Nowhere did I mention that they wanted the proof of residence to be in your name. It's very common for them not to be. Both Banamex and HSBC would have been satisfied with a power bill in my landlord's name. Banamex said they might have agreed to use the water bill (also in my landlord's name) in combination with some of the other mountain of paperwork I had on me if it had had my full address. As it stood, it only had the street name and house number, not the town or the postal code and that wasn't good enough.


----------



## horseshoe846

I guess we were thinking very positively - but we opened our HSBC Mexico basic checking account sitting in Florida before we ever visited the consulate for our Visas...

When we got to Mexico we were going for RP not RT. We converted our basic checking into savings/investment accounts. They did require references, and they did follow up on them.

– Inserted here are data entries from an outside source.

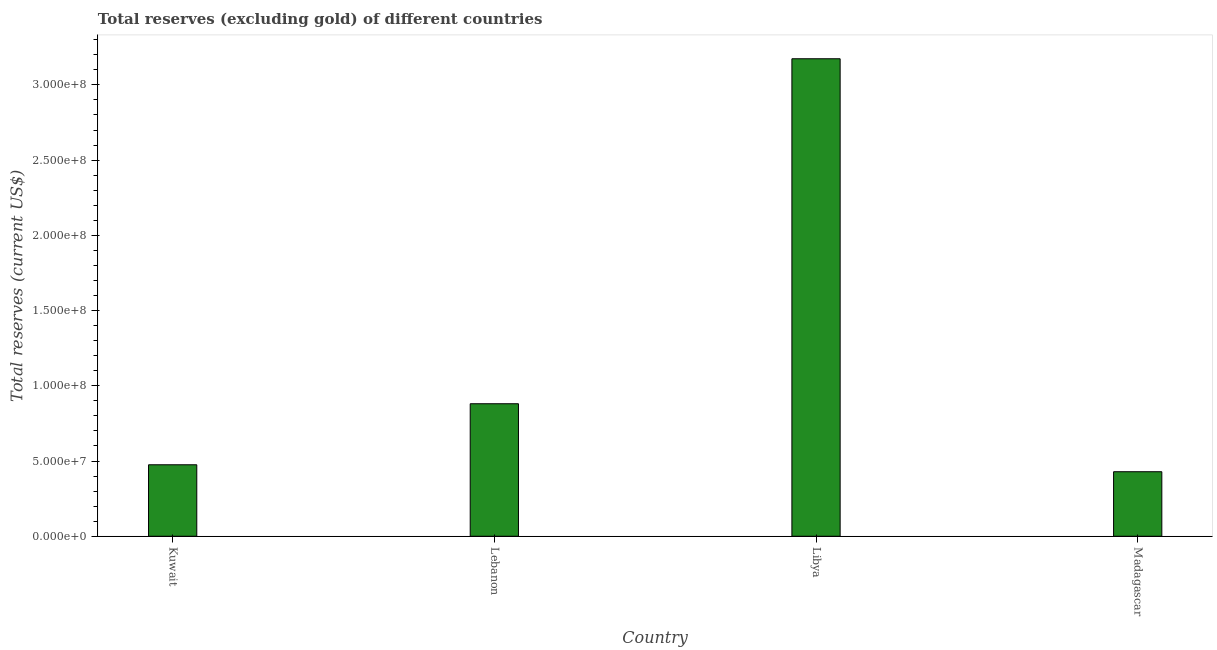Does the graph contain any zero values?
Give a very brief answer. No. What is the title of the graph?
Offer a very short reply. Total reserves (excluding gold) of different countries. What is the label or title of the Y-axis?
Your response must be concise. Total reserves (current US$). What is the total reserves (excluding gold) in Madagascar?
Offer a terse response. 4.29e+07. Across all countries, what is the maximum total reserves (excluding gold)?
Your answer should be very brief. 3.17e+08. Across all countries, what is the minimum total reserves (excluding gold)?
Offer a terse response. 4.29e+07. In which country was the total reserves (excluding gold) maximum?
Your answer should be compact. Libya. In which country was the total reserves (excluding gold) minimum?
Keep it short and to the point. Madagascar. What is the sum of the total reserves (excluding gold)?
Provide a short and direct response. 4.96e+08. What is the difference between the total reserves (excluding gold) in Lebanon and Libya?
Provide a succinct answer. -2.29e+08. What is the average total reserves (excluding gold) per country?
Keep it short and to the point. 1.24e+08. What is the median total reserves (excluding gold)?
Give a very brief answer. 6.78e+07. In how many countries, is the total reserves (excluding gold) greater than 240000000 US$?
Keep it short and to the point. 1. What is the ratio of the total reserves (excluding gold) in Kuwait to that in Lebanon?
Keep it short and to the point. 0.54. What is the difference between the highest and the second highest total reserves (excluding gold)?
Ensure brevity in your answer.  2.29e+08. What is the difference between the highest and the lowest total reserves (excluding gold)?
Offer a terse response. 2.74e+08. In how many countries, is the total reserves (excluding gold) greater than the average total reserves (excluding gold) taken over all countries?
Offer a very short reply. 1. How many bars are there?
Offer a terse response. 4. Are all the bars in the graph horizontal?
Ensure brevity in your answer.  No. How many countries are there in the graph?
Your answer should be compact. 4. Are the values on the major ticks of Y-axis written in scientific E-notation?
Your answer should be very brief. Yes. What is the Total reserves (current US$) of Kuwait?
Offer a terse response. 4.75e+07. What is the Total reserves (current US$) in Lebanon?
Give a very brief answer. 8.81e+07. What is the Total reserves (current US$) of Libya?
Your response must be concise. 3.17e+08. What is the Total reserves (current US$) of Madagascar?
Provide a succinct answer. 4.29e+07. What is the difference between the Total reserves (current US$) in Kuwait and Lebanon?
Offer a terse response. -4.06e+07. What is the difference between the Total reserves (current US$) in Kuwait and Libya?
Ensure brevity in your answer.  -2.70e+08. What is the difference between the Total reserves (current US$) in Kuwait and Madagascar?
Offer a terse response. 4.63e+06. What is the difference between the Total reserves (current US$) in Lebanon and Libya?
Offer a terse response. -2.29e+08. What is the difference between the Total reserves (current US$) in Lebanon and Madagascar?
Your answer should be compact. 4.52e+07. What is the difference between the Total reserves (current US$) in Libya and Madagascar?
Give a very brief answer. 2.74e+08. What is the ratio of the Total reserves (current US$) in Kuwait to that in Lebanon?
Your answer should be very brief. 0.54. What is the ratio of the Total reserves (current US$) in Kuwait to that in Libya?
Your response must be concise. 0.15. What is the ratio of the Total reserves (current US$) in Kuwait to that in Madagascar?
Give a very brief answer. 1.11. What is the ratio of the Total reserves (current US$) in Lebanon to that in Libya?
Offer a very short reply. 0.28. What is the ratio of the Total reserves (current US$) in Lebanon to that in Madagascar?
Give a very brief answer. 2.05. What is the ratio of the Total reserves (current US$) in Libya to that in Madagascar?
Offer a terse response. 7.4.

After five years in Mexico - every company we deal with formats our address differently. We inherited our address as CFE knows it from the previous owner and the postal code changed at some point over the years. The Colonia changed at some point also. Telmex has another way of formatting our address. The banks have entered our information incorrectly at times.

Last year - at banamex - we were moving some money into a CD. Actually depositing money ! They asked me to sign a document and then they attempted to compare that signature with the one they had on file in their computers. The person who initially scanned my signature (years ago) only managed to get my first name in the image - so no matter how hard I tried there is no way my correct signature would ever have satisfied them...


----------



## travelingrae

horseshoe846 said:


> so no matter how hard I tried there is no way my correct signature would ever have satisfied them...


That happened to me with my bank in Canada some years ago. Turns out the signature on file was from when I opened the account when I was 12 years old. It had changed somewhat in 20 years... :lol:

Being from Quebec, I'm old hat at this red tape stuff and am not daunted. Now that I know what's needed, I'll figure out a way to get it and move forward. So far, everything that I've had to do in Mexico has been pretty easy and reasonably efficient even if requirements aren't consistent. Hopefully, the owners of the house can get me a CFE bill soonish and I can go back to HSBC.


----------



## horseshoe846

travelingrae said:


> That happened to me with my bank in Canada some years ago. Turns out the signature on file was from when I opened the account when I was 12 years old. It had changed somewhat in 20 years... :lol:
> 
> Being from Quebec, I'm old hat at this red tape stuff and am not daunted. Now that I know what's needed, I'll figure out a way to get it and move forward. So far, everything that I've had to do in Mexico has been pretty easy and reasonably efficient even if requirements aren't consistent. Hopefully, the owners of the house can get me a CFE bill soonish and I can go back to HSBC.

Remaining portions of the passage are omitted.